======== Records for the exercise

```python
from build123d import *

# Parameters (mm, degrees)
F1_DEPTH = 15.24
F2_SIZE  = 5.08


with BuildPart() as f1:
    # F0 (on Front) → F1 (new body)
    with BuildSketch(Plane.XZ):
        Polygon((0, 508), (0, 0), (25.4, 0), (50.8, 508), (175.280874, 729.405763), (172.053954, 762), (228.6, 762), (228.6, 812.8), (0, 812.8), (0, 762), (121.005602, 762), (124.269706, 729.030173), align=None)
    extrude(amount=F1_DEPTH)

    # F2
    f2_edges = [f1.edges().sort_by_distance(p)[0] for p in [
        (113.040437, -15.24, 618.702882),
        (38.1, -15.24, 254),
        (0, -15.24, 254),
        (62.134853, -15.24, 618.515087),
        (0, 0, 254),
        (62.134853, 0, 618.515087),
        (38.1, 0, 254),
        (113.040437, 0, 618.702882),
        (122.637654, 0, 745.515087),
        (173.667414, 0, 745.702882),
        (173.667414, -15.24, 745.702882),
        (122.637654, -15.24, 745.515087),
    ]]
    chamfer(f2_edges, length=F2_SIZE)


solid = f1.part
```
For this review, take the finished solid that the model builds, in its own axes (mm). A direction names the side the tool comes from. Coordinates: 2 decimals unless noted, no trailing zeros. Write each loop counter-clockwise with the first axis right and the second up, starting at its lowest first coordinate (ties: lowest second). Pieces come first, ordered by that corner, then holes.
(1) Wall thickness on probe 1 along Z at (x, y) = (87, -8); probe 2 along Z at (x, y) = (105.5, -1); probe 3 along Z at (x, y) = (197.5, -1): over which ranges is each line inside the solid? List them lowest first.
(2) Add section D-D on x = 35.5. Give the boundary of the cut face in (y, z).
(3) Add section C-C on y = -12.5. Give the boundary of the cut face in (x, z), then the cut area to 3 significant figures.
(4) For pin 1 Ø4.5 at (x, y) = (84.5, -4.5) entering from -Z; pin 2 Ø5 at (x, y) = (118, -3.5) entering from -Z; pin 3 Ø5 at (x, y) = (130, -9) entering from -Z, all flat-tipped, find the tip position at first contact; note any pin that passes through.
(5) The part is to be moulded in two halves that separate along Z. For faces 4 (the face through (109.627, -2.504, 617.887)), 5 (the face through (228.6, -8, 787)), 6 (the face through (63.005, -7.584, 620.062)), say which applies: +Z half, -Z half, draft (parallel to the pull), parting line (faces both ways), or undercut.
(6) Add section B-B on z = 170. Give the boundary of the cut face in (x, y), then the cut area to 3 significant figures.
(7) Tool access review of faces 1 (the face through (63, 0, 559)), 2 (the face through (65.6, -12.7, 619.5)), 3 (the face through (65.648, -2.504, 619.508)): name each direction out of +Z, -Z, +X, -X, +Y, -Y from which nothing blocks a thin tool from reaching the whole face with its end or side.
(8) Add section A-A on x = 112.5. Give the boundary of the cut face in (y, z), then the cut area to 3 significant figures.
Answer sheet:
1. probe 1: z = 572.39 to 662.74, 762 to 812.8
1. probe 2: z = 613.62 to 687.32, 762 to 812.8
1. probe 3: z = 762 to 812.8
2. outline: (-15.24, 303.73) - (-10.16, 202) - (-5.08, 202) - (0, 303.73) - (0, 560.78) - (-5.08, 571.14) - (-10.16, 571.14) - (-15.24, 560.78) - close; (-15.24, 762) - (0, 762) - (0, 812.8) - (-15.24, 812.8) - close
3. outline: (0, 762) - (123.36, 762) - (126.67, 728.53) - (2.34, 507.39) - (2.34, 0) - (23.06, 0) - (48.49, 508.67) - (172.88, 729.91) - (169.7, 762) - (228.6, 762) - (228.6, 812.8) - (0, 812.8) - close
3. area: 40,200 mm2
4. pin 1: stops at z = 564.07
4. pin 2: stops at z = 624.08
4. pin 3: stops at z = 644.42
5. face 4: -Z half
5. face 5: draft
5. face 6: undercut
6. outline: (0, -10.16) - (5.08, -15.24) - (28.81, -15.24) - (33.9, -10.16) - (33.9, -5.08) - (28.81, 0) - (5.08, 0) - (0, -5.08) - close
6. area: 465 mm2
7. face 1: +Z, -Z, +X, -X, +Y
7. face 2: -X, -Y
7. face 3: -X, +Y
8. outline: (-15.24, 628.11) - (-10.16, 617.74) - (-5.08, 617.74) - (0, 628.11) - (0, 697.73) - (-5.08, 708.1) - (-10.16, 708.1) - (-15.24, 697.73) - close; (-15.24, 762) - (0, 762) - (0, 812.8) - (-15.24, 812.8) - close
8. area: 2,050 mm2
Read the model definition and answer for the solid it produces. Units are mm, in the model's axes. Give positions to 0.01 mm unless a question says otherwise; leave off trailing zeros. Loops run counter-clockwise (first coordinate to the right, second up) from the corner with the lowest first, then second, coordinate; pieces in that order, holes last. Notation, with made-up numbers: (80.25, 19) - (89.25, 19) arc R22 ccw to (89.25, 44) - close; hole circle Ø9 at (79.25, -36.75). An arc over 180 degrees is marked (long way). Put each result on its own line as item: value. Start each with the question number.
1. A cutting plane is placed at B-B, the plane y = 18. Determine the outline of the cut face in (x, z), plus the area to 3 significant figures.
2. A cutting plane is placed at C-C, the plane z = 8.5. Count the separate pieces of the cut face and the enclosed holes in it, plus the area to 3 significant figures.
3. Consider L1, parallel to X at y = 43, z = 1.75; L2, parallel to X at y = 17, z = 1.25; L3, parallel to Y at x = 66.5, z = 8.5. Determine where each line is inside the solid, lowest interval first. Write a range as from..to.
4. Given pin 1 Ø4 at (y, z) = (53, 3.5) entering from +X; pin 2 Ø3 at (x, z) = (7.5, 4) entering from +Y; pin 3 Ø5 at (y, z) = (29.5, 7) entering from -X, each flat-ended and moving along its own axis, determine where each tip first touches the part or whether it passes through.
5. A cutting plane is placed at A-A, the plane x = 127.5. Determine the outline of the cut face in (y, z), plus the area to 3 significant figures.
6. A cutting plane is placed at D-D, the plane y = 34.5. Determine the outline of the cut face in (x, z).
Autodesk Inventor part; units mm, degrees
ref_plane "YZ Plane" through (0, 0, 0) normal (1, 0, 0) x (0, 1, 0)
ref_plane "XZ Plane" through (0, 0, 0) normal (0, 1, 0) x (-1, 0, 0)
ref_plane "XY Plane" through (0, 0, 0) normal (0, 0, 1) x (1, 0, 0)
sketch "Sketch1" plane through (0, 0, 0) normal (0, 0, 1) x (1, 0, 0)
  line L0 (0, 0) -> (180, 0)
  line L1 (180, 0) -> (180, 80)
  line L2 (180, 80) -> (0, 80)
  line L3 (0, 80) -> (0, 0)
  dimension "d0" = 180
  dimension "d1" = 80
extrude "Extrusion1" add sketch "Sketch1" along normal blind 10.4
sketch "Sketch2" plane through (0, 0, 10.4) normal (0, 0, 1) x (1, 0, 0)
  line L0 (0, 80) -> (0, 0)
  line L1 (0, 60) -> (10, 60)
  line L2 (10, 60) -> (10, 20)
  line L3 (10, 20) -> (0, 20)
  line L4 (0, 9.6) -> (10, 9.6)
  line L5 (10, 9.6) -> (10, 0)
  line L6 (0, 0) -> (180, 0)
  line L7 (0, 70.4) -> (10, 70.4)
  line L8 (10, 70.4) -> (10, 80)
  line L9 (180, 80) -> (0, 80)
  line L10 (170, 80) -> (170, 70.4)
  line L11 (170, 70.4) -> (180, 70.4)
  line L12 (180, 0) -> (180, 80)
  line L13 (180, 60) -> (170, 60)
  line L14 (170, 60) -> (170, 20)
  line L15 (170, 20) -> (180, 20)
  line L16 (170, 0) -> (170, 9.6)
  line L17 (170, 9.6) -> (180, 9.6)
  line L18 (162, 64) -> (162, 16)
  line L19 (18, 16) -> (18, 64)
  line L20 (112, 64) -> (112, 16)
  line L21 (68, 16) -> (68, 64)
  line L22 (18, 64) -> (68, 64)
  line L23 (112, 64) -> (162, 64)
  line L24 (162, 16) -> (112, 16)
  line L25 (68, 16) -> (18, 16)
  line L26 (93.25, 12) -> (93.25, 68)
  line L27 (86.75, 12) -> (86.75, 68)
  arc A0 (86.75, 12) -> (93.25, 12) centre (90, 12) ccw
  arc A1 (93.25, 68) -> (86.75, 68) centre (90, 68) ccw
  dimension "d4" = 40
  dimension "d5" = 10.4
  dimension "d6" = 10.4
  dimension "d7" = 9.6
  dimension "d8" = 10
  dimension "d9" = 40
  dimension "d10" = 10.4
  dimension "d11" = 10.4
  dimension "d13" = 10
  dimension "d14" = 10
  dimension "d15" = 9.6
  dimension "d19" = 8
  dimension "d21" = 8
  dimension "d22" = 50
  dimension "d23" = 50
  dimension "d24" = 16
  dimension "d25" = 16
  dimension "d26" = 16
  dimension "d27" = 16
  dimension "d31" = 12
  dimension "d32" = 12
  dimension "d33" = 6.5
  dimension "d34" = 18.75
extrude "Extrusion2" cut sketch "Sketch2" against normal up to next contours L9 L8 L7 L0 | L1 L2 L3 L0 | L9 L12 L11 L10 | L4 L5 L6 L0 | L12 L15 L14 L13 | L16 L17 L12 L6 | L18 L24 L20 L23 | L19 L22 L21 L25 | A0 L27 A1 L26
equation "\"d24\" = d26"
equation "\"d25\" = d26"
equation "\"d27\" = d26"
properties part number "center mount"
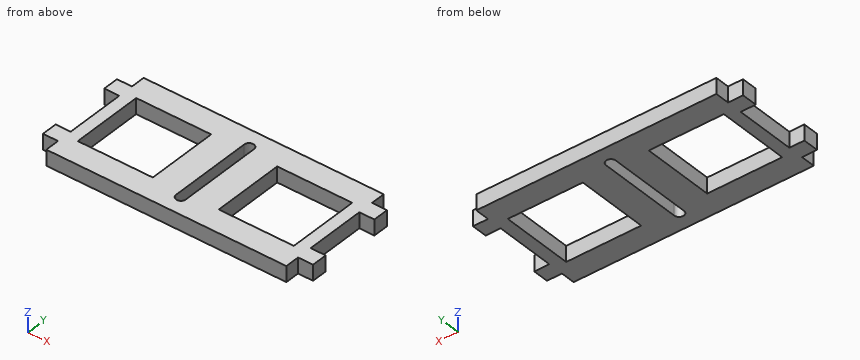
Return value:
1. outline: (0, 0) - (18, 0) - (18, 10.4) - (0, 10.4) - close; (68, 0) - (86.75, 0) - (86.75, 10.4) - (68, 10.4) - close; (93.25, 0) - (112, 0) - (112, 10.4) - (93.25, 10.4) - close; (162, 0) - (180, 0) - (180, 10.4) - (162, 10.4) - close
1. area: 764 mm2
2. separate pieces: 1
2. enclosed holes: 3
2. area: 8,020 mm2
3. L1: x = 10..18, 68..86.75, 93.25..112, 162..170
3. L2: x = 0..18, 68..86.75, 93.25..112, 162..180
3. L3: y = 0..16, 64..80
4. pin 1: stops at x = 170
4. pin 2: stops at y = 70.4
4. pin 3: stops at x = 10
5. outline: (0, 0) - (16, 0) - (16, 10.4) - (0, 10.4) - close; (64, 0) - (80, 0) - (80, 10.4) - (64, 10.4) - close
5. area: 333 mm2
6. outline: (10, 0) - (18, 0) - (18, 10.4) - (10, 10.4) - close; (68, 0) - (86.75, 0) - (86.75, 10.4) - (68, 10.4) - close; (93.25, 0) - (112, 0) - (112, 10.4) - (93.25, 10.4) - close; (162, 0) - (170, 0) - (170, 10.4) - (162, 10.4) - close
Autodesk Inventor part; units mm, degrees
ref_plane "YZ Plane" through (0, 0, 0) normal (1, 0, 0) x (0, 1, 0)
ref_plane "XZ Plane" through (0, 0, 0) normal (0, 1, 0) x (-1, 0, 0)
ref_plane "XY Plane" through (0, 0, 0) normal (0, 0, 1) x (1, 0, 0)
sketch "Boceto1" plane through (0, 0, 0) normal (0, 1, 0) x (-1, 0, 0)
  circle A0 centre (0, 0) radius 5
  circle A1 centre (-12.5, 0) radius 2.3
  dimension "d0" = 10
  dimension "d1" = 4.6
extrude "Extrusión1" add sketch "Boceto1" along normal blind 10.8
sketch "Boceto2" plane through (0, 10.8, 0) normal (0, 1, 0) x (1, 0, 0)
  circle A0 centre (0, 0) radius 5
  line L0 (30, 0) -> (30, -10)
  line L1 (-0.4927, -4.9757) -> (30, -7.9951)
  line L2 (30, 0) -> (30, 10)
  line L3 (-0.4927, 4.9757) -> (30, 7.9951)
extrude "Extrusión2" add sketch "Boceto2" along normal blind 10
sketch "Boceto3" plane through (0, 0, 0) normal (0, -1, 0) x (1, 0, 0)
  line L0 (30, -7.9951) -> (-0.4927, -4.9757)
  line L1 (30, 7.9951) -> (30, -7.9951)
  line L2 (-0.4927, 4.9757) -> (30, 7.9951)
  circle A0 centre (0, 0) radius 5
extrude "Extrusión3" add sketch "Boceto3" along normal blind 10
sketch "Boceto4" plane through (30, 10.8, 7.9951) normal (1, 0, 0) x (0, 0, -1)
  line L0 (0, 0) -> (15.9902, 0)
  line L1 (7.9951, 0) -> (7.9951, -10.8) construction
  line L2 (32.9951, 19.6) -> (-17.0049, 19.6)
  line L3 (-17.0049, 19.6) -> (-17.0049, -30.4)
  line L4 (-17.0049, -30.4) -> (32.9951, -30.4)
  line L5 (32.9951, -30.4) -> (32.9951, 19.6)
  line L6 (32.9951, 19.6) -> (-17.0049, -30.4) construction
  line L7 (-17.0049, 19.6) -> (32.9951, -30.4) construction
  point P0 (7.9951, -5.4)
  dimension "d10" = 50
  dimension "d11" = 50
extrude "Extrusión4" add sketch "Boceto4" along normal blind 10
properties part number "Pieza2PrimerEslabon" material "Cristal"
Can you work these out from the model? Positions are in its coordinate system, mm. A direction names the side the tool comes from. Coordinates: 2 decimals unless noted, no trailing zeros. Order: outer loops, then holes, each group sorted by start corner. A loop starts at its lowest first (then second) coordinate and runs counter-clockwise, first axis right, second up. Notation, with made-up numbers: M 16.5,-17 L 53.5,-17 A31 ccw 53.5,10 Z; hole C 55,72.5 d5. An arc over 180 degrees is marked long. Answer as CSV lines item,"result".
(1) Suppose I cut it at D-D on z = -13. Please give me the cut outline in (x, y).
Geometry check:
outline,"M 30,-19.6 L 40,-19.6 L 40,30.4 L 30,30.4 Z"
(2) Suppose I cut it at C-C on y = -12.5. Please give me the cut outline in (x, z).
Geometry check:
outline,"M 30,-25 L 40,-25 L 40,25 L 30,25 Z"
(3) Please list where these lines run through material, in increasing order: L1, parallel to Y at x = 21, z = -7; L2, parallel to X at y = 7.5, z = 21; L3, parallel to Y at x = 2, z = 3.
Geometry check:
L1,"-10 to 0, 10.8 to 20.8"
L2,"30 to 40"
L3,"-10 to 20.8"
(4) Suppose I cut it at B-B on x = 15.5. Please give me the cut outline in (y, z).
Geometry check:
outline,"M -10,-6.56 L 0,-6.56 L 0,6.56 L -10,6.56 Z; M 10.8,-6.56 L 20.8,-6.56 L 20.8,6.56 L 10.8,6.56 Z"
(5) If we mould it in two halves opening along X, with no side actions, what happens to faces 1 (the flat face through (18, 0, 0)), 2 (the flat face through (40, 6, 0)), 3 (the flat face through (35, 30.4, 0)), 4 (the flat face through (14.54, -4.93, 6.464))? For each: released by +X, released by -X, zero draft, split by the parting line, or undercut.
Geometry check:
face 1,"undercut"
face 2,"released by +X"
face 3,"zero draft"
face 4,"released by -X"
(6) I'm going to push flat-ended pins straight in: pin 1 (3 mm diameter, centred on x = 22.5, y = 14.5, fed in from +Z); pin 2 (8 mm diameter, centred on x = 14.5, z = -2, fed in from -Y); pin 3 (25 mm diameter, centred on y = -5.5, z = 2.5, fed in from -X); pin 4 (3 mm diameter, centred on x = 22.5, y = 20.5, fed in from -Z). Where does each tip first touch, or does it pass through?
Geometry check:
pin 1,"z = 7.4"
pin 2,"y = -10"
pin 3,"x = -5"
pin 4,"z = -7.4"
(7) Suppose I cut it at A-A on y = 1.5. Please give me the cut outline in (x, z), plus the area to 3 significant figures.
Geometry check:
outline,"C 0,0 d10; C 12.5,0 d4.6; M 30,-25 L 40,-25 L 40,25 L 30,25 Z"
area,"595 mm^2"
(8) On a 3-axis mill with a long thin cutter (end or side, diameter ignored), from which of +Z, -Z, +X, -X, +Y, -Y can I reach the whole of each face in a straight line? I mean faces 5 (the flat face through (12, 20.8, 0)), 6 (the cylindrical face through (14.798, 5.324, -0.101)), 7 (the flat face through (12, -10, 0)). Say none if no direction works.
Geometry check:
face 5,"+Z, -Z, -X, +Y"
face 6,"none"
face 7,"+Z, -Z, -X, -Y"
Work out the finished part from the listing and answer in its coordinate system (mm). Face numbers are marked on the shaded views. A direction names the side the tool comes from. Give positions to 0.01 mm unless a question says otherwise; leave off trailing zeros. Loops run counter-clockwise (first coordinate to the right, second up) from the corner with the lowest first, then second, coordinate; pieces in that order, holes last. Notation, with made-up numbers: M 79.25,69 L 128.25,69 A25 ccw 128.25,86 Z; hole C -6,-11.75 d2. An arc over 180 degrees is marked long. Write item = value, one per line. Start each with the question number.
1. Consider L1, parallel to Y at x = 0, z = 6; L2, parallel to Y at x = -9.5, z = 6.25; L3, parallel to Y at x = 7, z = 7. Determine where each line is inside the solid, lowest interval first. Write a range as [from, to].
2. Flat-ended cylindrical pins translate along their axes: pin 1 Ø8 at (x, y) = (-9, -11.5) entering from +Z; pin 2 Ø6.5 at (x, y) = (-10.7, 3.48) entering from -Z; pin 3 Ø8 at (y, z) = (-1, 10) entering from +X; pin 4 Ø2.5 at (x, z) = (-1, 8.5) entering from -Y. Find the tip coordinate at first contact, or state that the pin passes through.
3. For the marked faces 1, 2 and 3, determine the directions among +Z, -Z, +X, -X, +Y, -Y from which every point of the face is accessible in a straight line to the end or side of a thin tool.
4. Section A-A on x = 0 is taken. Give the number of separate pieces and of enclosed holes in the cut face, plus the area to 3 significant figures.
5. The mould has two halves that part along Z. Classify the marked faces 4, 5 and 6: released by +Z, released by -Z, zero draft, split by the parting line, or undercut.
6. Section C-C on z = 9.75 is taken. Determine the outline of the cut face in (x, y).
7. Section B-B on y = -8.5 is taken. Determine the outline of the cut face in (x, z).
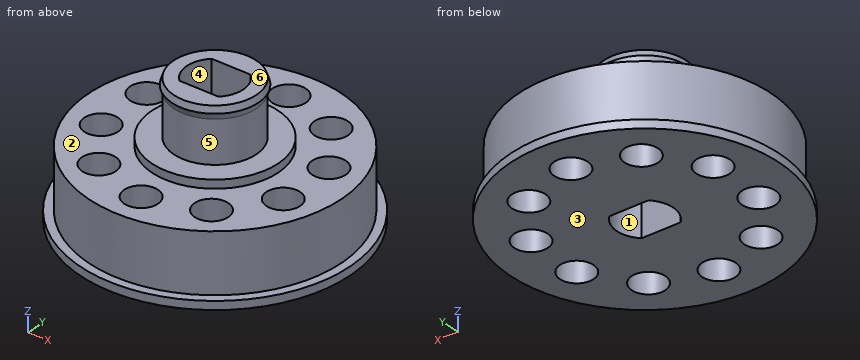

================

Select every line of the records holding the string "material".

properties part number "Pieza2PrimerEslabon" material "Cristal"
(3) Please list where these lines run through material, in increasing order: L1, parallel to Y at x = 21, z = -7; L2, parallel to X at y = 7.5, z = 21; L3, parallel to Y at x = 2, z = 3.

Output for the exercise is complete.